Вечером мы опять вдвоем с Чеховым сидели за чаем на террасе.
Ночь шла зловещая, душная... Темнота так плотно напирала с трех сторон на террасу, точно хотела выдавить стекла и захлестнуть испуганно гудевшую десятилинейную лампу. Под ее зеленым абажуром метались /655/ бабочки и, обжегшись, умирали в судорогах на клеенке стола, уставленного чайной посудой, которая уродливо отражалась в новеньком серебряном самоваре.
Березы в саду были полны беспокойства; они то стояли совсем тихо, то вдруг без причины начинали дрожать всей листвой сверху и до самого низу.
Над горизонтом, подминая под себя тусклые звезды, медленно подымалась огромная туча, черная даже в темноте.
Чехов был в этот вечер как-то особенно грустен и доверчив. От прежней его раздражительности – при нашей первой встрече – не осталось и следа. Зажав между костлявыми коленями свои длинные руки, он сидел, согнувшись, на стуле, против раскрытой двери террасы, и, вглядываясь в темноту сада, точно споря с кем-то невидимым, кто там находился, медленно говорил:
– Прежде всего, друзья мои, не надо лжи... Искусство тем особенно и хорошо, что в нем нельзя лгать... Можно лгать в любви, в политике, в медицине, можно обмануть людей и самого господа бога – были и такие случаи, – но в искусстве обмануть нельзя...
Он на минуту замолчал, как бы ожидая возражений своего невидимого собеседника, и, не дождавшись, продолжал:
– Вот меня часто упрекают – даже Толстой упрекал, – что я пишу о мелочах, что нет у меня положительных героев: революционеров, Александров Македонских или хотя бы, как у Лескова, просто честных исправников...{655} А где их взять?
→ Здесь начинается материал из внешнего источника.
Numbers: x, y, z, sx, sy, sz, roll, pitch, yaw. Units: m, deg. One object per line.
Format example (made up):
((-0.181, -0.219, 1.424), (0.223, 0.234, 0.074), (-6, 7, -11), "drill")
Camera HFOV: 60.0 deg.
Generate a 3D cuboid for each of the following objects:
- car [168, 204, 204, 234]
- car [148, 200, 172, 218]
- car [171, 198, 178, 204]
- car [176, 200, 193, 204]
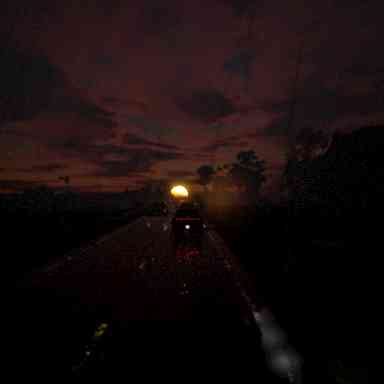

Я бы и рад! – Он грустно усмехнулся. – Жизнь у нас провинциальная, города немощеные, деревни бедные, народ поношенный... Все мы в молодости восторженно чирикаем, как воробьи на дерьме, а к сорока годам – уже старики и начинаем думать о смерти... Какие мы герои!
Он посмотрел на меня через плечо, опять согнулся и уставился немигающими глазами в темноту.
– Вот вы говорите, что плакали на моих пьесах... Да и не вы один... А ведь я не для этого их написал, это их Алексеев сделал такими плаксивыми. Я хотел другое... Я хотел только честно сказать людям: "Посмотрите на себя, посмотрите, как вы все плохо и скучно живете!.." Самое главное, чтобы люди это поняли, а когда они это поймут, они непременно создадут себе другую, лучшую /656/ жизнь... Я ее не увижу, но я знаю, – она будет совсем иная, не похожая на ту, что есть... А пока ее нет, я опять и опять буду говорить людям: "Поймите же, как вы плохо и скучно живете!" Над чем же тут плакать?
– "А те, которые уже это поняли?" – повторил он мой вопрос и, вставая со стула, докончил: – Ну, эти и без меня дорогу найдут... Пойдемте спать... Гроза будет...
Чтобы не оставлять Чехова одного в пустом доме, я спал теперь в соседней с ним комнате. В доме было душно, пахло масляной краской, пищали комары. Окна нельзя было открыть – боялись воров.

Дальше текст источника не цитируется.